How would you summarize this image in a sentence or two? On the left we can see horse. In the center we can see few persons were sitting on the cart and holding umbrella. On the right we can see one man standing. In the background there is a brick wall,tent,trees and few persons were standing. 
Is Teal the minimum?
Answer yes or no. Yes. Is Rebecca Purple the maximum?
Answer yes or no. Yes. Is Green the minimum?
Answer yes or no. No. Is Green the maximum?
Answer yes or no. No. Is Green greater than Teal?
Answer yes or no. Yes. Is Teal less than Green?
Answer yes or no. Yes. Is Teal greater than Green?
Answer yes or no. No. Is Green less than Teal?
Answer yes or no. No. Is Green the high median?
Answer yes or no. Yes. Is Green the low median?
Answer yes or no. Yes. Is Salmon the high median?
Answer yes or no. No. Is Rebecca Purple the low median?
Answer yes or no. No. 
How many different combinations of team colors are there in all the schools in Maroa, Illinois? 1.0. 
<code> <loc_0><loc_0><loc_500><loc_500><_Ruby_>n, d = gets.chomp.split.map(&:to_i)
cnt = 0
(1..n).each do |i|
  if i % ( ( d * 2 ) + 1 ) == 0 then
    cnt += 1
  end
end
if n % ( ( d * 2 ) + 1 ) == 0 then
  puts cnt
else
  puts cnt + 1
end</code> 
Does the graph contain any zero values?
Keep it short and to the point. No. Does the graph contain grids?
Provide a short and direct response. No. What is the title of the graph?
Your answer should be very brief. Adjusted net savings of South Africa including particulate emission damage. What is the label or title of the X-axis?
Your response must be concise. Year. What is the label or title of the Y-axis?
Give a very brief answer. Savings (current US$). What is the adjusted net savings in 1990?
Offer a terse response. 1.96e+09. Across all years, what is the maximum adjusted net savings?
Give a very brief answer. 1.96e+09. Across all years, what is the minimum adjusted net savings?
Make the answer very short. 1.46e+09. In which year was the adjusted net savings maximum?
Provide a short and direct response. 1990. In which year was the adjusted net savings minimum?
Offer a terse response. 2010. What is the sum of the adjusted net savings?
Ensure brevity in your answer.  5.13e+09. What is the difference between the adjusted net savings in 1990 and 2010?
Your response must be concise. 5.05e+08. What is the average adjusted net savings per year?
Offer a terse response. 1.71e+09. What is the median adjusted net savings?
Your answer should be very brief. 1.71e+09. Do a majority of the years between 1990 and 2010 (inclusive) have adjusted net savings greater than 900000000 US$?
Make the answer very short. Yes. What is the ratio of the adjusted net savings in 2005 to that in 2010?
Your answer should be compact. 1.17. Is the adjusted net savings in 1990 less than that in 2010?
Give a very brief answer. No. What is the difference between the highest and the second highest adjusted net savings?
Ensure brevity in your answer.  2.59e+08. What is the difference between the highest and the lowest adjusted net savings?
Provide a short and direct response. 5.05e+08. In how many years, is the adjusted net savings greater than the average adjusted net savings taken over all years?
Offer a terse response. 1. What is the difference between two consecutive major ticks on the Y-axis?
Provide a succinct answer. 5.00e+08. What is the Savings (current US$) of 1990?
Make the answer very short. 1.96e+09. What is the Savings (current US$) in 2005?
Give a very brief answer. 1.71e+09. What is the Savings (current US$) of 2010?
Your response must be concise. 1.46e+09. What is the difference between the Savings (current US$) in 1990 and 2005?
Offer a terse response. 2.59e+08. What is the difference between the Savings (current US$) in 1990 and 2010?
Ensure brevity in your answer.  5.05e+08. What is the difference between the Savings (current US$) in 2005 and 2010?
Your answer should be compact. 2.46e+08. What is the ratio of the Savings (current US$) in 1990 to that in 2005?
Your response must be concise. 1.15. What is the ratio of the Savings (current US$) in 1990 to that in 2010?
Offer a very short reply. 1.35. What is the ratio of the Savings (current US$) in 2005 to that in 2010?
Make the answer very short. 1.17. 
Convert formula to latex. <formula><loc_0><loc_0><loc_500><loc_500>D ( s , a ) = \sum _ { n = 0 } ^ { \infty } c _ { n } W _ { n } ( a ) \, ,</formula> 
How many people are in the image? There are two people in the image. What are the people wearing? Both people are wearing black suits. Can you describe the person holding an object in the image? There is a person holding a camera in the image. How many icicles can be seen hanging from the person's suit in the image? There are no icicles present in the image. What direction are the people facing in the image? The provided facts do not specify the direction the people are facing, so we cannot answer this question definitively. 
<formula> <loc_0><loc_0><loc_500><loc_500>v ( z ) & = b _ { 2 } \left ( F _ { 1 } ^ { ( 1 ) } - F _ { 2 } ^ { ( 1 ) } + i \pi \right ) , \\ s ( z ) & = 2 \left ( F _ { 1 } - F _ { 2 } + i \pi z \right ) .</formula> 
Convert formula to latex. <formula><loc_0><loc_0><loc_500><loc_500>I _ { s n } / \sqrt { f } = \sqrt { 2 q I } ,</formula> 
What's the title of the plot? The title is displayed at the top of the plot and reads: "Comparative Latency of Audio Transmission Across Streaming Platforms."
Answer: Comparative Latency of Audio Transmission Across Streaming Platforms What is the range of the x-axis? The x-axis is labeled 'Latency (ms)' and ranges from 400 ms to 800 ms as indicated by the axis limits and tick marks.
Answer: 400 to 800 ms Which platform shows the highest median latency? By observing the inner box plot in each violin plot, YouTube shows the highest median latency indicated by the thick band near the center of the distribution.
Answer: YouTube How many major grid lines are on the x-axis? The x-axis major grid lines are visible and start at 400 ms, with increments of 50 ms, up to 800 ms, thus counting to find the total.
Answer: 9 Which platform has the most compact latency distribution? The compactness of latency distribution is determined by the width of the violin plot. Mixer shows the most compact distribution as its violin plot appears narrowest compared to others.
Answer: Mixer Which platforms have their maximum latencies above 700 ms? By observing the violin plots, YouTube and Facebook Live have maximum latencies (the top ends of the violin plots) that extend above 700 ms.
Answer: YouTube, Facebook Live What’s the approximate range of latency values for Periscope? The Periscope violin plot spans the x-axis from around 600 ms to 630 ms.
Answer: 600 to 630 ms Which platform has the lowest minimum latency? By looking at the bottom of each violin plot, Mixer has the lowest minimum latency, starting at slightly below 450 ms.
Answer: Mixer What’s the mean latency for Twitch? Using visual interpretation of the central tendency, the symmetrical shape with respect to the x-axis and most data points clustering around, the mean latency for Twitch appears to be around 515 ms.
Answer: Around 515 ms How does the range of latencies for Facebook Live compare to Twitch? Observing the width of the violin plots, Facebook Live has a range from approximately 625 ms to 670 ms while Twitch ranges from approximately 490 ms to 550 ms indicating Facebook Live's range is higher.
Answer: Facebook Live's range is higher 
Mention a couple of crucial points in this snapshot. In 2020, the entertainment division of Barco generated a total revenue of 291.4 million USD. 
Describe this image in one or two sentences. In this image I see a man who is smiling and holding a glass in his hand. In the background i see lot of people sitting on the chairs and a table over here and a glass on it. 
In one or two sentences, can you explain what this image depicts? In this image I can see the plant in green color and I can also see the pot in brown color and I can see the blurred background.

◆ Required action ◆
What lines of the material contain "most"? Show them.

◆ Final answer ◆
Answer: 9 Which platform has the most compact latency distribution? The compactness of latency distribution is determined by the width of the violin plot. Mixer shows the most compact distribution as its violin plot appears narrowest compared to others.
Answer: Mixer What’s the mean latency for Twitch? Using visual interpretation of the central tendency, the symmetrical shape with respect to the x-axis and most data points clustering around, the mean latency for Twitch appears to be around 515 ms.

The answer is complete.